Ana Luísa Amaral (5 April 1956 – 5 August 2022) was a Portuguese poet.

== Biography ==
Professor at the University of Porto, she held a Ph.D. on the poetry of Emily Dickinson and had academic publications (in Portugal and abroad) in the areas of English and American poetry, comparative poetics, and feminist studies. She was a senior researcher and co-director of the Institute for Comparative Literature Margarida Losa. Co-author (with Ana Gabriela Macedo) of the Dictionary of Feminist Criticism (Afrontamento, 2005) and responsible for the annotated edition of New Portuguese Letters (Dom Quixote, 2010) and the coordinator of the international project New Portuguese Letters 40 Years Later, financed by FCT, that involves 10 countries and over 60 researchers. Editor of
several academic books, such as Novas Cartas Portuguesas entre Portugal e o Mundo (with Marinela Freitas, Dom Quixote, 2014), or New Portuguese Letters to the World (with Marinela Freitas, Peter Lang, 2015).
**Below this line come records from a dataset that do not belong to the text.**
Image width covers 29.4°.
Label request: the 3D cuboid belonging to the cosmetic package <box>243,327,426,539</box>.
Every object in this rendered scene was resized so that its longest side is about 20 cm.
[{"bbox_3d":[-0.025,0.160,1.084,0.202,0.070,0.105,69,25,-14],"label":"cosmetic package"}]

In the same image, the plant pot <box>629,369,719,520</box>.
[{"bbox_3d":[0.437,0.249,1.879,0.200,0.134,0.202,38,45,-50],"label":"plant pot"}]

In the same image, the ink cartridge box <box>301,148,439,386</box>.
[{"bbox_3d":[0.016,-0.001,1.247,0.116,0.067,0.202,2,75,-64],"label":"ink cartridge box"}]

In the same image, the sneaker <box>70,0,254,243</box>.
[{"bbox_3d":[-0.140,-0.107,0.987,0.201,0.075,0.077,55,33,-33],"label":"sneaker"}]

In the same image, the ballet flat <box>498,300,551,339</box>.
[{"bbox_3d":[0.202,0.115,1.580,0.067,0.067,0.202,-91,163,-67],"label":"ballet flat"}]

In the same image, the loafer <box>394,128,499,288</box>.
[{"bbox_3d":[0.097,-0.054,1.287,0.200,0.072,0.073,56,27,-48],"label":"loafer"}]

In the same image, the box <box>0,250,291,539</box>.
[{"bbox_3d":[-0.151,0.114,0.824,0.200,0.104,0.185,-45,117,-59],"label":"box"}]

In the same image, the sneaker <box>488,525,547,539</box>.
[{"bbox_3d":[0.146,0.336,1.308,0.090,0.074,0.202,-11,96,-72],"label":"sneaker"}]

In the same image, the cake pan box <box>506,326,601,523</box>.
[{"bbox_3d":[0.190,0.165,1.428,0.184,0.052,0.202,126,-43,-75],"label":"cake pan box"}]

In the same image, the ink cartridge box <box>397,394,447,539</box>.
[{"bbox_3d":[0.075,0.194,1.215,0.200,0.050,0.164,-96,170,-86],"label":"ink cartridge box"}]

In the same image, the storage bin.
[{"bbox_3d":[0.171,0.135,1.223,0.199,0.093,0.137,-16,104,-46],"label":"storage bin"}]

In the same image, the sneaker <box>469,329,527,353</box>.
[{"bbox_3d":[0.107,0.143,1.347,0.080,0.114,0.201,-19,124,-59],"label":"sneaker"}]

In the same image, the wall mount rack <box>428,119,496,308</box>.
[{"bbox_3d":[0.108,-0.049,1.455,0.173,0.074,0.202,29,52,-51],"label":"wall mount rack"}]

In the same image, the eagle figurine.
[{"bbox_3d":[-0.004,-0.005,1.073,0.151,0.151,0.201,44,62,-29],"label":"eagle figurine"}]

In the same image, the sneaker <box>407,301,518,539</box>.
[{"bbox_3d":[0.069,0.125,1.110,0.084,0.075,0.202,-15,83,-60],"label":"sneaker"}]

Prior to her death, she was preparing a book of poetry, a novel, and two books of essays. In 2021, a book of essays on her work by Peter Lang (ed. Claire Williams) titled The Most Perfect Excess: The Works of Ana Luísa Amaral was published.

Several plays were staged around her work, such as O olhar diagonal das coisas, A história da Aranha Leopoldina, Próspero Morreu, or Como Tu. On April 1, 2022, she was awarded the rank of Commander of the Military Order of Sant'Iago da Espada. The insignia was only awarded on August 6, 2022, posthumously, to Ana Luísa Amaral's daughter.

She died on August 5, 2022, at the age of 66.

==Literary career==
Amaral's first volume of poetry, Minha Senhora de Quê (Mistress of What), was published in 1990. The collection's title alluded to Maria Teresa Horta's 1971 volume Minha Senhora de Mim (Milady of Me), thereby explicitly inscribing Amaral's work into the emergent genealogy of Portuguese women’s poetry. Since then, she has published fifteen further original collections of poetry and two volumes of collected poems, in addition to several translations (including poetry by Emily Dickinson, John Updike and Louise Glück) and books for children.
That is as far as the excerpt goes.